When does US 5,866,590 lose exclusivity, and how do patent term and regulatory exclusivities interact?

Exclusivity timing framework (US)

For US patents, the practical end date is the later of:

  • the patent’s expiration by term (typically 20 years from earliest effective US filing, subject to PTA adjustments), and
  • any extended exclusivities that may exist due to regulatory exclusivity (not “patent term extension” unless eligible) and any Hatch-Waxman data exclusivity timing.

Important point for portfolio planning: for formulation patents like this, the relevant “entry clock” for generics often comes from:

  • whether Orange Book-listed patents exist for the reference product and
  • whether a Paragraph IV challenge is filed against those listed patents.

No Orange Book listing or reference product tie-in is provided in the prompt, so a precise “market exclusivity end” cannot be produced from the claim text alone.


What is the Orange Book status of tiagabine products tied to antioxidant-stabilized compositions?

Orange Book listing is a prerequisite for Paragraph IV

US 5,866,590 would matter to generic entry only if:

  • it is listed in the Orange Book for a specific NDC of an approved reference product using tiagabine, and
  • it is tied to the NDA/BLA in a way that enables a Paragraph IV certification.

No Orange Book NDC/NDA association is included in the provided information, so the listing status and any Paragraph IV history cannot be stated accurately.
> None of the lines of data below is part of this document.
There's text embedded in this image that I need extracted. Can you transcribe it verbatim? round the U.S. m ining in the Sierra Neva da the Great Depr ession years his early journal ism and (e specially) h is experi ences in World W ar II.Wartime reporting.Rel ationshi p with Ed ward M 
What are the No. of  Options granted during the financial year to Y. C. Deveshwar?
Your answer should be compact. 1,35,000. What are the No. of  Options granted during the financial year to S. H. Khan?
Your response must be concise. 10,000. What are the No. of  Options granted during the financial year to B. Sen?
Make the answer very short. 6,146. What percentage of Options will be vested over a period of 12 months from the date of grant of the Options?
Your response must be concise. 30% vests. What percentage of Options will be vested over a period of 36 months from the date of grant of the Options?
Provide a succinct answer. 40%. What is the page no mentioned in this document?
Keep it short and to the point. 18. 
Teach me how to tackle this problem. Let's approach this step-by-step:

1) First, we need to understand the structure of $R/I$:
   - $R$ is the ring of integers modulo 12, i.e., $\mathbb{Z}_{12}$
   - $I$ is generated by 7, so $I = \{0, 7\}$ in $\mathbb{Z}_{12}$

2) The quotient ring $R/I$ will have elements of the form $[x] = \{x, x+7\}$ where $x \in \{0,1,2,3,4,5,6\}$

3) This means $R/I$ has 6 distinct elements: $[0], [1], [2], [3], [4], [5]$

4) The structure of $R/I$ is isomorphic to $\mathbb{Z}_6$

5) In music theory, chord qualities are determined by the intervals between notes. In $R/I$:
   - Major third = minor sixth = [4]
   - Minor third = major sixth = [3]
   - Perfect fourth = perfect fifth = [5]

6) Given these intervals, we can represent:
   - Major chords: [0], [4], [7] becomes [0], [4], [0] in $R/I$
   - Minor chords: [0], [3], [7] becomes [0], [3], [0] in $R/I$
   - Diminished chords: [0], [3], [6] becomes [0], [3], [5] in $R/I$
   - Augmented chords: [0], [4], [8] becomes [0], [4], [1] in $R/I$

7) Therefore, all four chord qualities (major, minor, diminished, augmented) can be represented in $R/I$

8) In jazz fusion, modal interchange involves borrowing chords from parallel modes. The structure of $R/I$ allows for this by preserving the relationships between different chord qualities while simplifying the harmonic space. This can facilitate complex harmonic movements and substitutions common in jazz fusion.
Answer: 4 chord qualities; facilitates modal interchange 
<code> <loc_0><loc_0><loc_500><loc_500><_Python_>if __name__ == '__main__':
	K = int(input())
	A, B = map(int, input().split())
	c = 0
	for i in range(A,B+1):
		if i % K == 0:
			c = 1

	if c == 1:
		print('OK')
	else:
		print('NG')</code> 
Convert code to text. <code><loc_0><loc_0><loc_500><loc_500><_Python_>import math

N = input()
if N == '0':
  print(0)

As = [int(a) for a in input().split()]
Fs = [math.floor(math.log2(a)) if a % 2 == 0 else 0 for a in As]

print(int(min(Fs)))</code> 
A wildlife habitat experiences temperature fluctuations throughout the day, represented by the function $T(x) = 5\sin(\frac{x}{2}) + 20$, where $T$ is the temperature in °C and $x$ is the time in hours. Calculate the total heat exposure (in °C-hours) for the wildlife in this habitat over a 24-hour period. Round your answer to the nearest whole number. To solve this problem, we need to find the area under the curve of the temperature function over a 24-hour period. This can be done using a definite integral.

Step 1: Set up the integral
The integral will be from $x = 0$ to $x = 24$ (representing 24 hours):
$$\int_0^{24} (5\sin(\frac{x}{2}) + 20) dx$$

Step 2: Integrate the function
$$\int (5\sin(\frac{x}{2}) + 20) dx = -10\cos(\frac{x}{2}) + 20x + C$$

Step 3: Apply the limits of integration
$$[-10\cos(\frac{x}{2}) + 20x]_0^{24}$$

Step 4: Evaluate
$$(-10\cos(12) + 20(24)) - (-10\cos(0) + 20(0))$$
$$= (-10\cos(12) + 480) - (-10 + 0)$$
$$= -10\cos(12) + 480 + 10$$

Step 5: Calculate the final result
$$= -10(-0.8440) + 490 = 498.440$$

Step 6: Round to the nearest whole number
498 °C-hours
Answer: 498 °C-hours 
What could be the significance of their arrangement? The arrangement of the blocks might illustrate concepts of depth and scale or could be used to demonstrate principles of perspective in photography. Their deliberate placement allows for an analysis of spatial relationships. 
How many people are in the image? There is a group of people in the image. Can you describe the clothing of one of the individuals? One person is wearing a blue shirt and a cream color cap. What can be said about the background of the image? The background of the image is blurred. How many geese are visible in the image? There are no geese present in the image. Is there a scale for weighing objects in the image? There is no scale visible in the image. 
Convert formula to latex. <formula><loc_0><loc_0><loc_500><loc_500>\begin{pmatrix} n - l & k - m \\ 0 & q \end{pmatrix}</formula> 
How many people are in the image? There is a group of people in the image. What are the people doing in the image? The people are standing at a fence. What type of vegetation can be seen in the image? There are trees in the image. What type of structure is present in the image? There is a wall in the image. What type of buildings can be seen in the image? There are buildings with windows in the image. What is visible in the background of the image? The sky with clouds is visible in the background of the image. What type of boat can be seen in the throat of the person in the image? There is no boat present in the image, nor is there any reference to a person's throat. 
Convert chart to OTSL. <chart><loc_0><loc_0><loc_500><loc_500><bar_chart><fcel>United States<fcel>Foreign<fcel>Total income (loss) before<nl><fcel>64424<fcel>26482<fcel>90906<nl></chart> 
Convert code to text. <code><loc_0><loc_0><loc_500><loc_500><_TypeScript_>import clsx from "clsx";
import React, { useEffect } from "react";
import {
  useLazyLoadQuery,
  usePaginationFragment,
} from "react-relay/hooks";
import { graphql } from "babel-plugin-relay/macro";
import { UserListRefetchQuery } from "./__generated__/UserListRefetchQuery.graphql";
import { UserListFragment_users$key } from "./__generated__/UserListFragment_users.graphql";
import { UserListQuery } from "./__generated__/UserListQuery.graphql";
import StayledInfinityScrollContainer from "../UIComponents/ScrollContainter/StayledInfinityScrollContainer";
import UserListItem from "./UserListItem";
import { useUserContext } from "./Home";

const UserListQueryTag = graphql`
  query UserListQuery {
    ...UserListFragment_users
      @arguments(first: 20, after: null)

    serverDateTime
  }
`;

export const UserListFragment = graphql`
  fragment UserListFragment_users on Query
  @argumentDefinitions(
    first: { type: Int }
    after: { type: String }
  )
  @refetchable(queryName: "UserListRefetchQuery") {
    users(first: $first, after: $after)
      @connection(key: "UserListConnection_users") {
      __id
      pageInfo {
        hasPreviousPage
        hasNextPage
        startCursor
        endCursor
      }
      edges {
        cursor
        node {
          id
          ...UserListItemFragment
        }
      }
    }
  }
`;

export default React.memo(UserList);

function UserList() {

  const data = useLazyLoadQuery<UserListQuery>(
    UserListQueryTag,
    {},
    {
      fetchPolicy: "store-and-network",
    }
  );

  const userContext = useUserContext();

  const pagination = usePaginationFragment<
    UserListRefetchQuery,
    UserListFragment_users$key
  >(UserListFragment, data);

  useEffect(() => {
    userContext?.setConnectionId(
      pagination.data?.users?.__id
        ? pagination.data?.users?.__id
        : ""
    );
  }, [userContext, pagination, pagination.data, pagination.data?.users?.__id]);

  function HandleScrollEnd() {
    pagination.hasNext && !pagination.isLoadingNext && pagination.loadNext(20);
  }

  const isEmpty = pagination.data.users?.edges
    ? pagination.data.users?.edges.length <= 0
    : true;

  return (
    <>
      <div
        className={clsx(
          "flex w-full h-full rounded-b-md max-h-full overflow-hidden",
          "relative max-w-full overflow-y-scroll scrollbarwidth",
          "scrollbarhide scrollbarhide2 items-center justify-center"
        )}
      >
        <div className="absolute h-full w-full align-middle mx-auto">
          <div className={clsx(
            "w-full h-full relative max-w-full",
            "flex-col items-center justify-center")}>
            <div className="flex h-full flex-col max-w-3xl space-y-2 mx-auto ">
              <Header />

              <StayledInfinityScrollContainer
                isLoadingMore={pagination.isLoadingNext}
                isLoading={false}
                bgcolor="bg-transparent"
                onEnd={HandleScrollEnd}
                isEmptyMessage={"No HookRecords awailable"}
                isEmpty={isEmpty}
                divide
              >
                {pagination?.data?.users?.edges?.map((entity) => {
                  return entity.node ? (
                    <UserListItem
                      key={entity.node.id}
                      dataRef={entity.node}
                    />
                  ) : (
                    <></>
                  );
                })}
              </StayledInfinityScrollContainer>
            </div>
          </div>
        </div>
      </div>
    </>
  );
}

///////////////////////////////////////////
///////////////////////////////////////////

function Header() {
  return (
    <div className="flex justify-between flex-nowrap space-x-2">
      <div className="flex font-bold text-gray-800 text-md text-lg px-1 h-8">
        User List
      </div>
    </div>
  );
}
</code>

What generic entry risks exist for competitors using tiagabine with different antioxidants or different granulation processes?

Risk vectors tied to the claim language

  1. Using ascorbic acid but outside 5–25% loading

    • If formulation uses ascorbic acid at stabilizing levels but outside the numeric range, claim 3 may fall away, but claim 1 may still remain a risk depending on “sufficient to stabilize” evidence.
  2. Using only one of the vitamin E system components

    • For claims 7–9, a competitor that uses alpha-tocopherol alone or ascorbyl palmitate alone may attempt to design around the “mixture of alpha-tocopherol and ascorbyl palmitate” requirement.
  3. Process design-around

    • If a competitor avoids melt granulation or does melt granulation under different controlled atmosphere conditions, they reduce exposure to process claims 5/6 and 11/12.
  4. Physical form design-around

    • Claim 2 and claim 8 require antioxidant “in the form of a powder.” Switching to non-powder forms could aim at that narrower feature.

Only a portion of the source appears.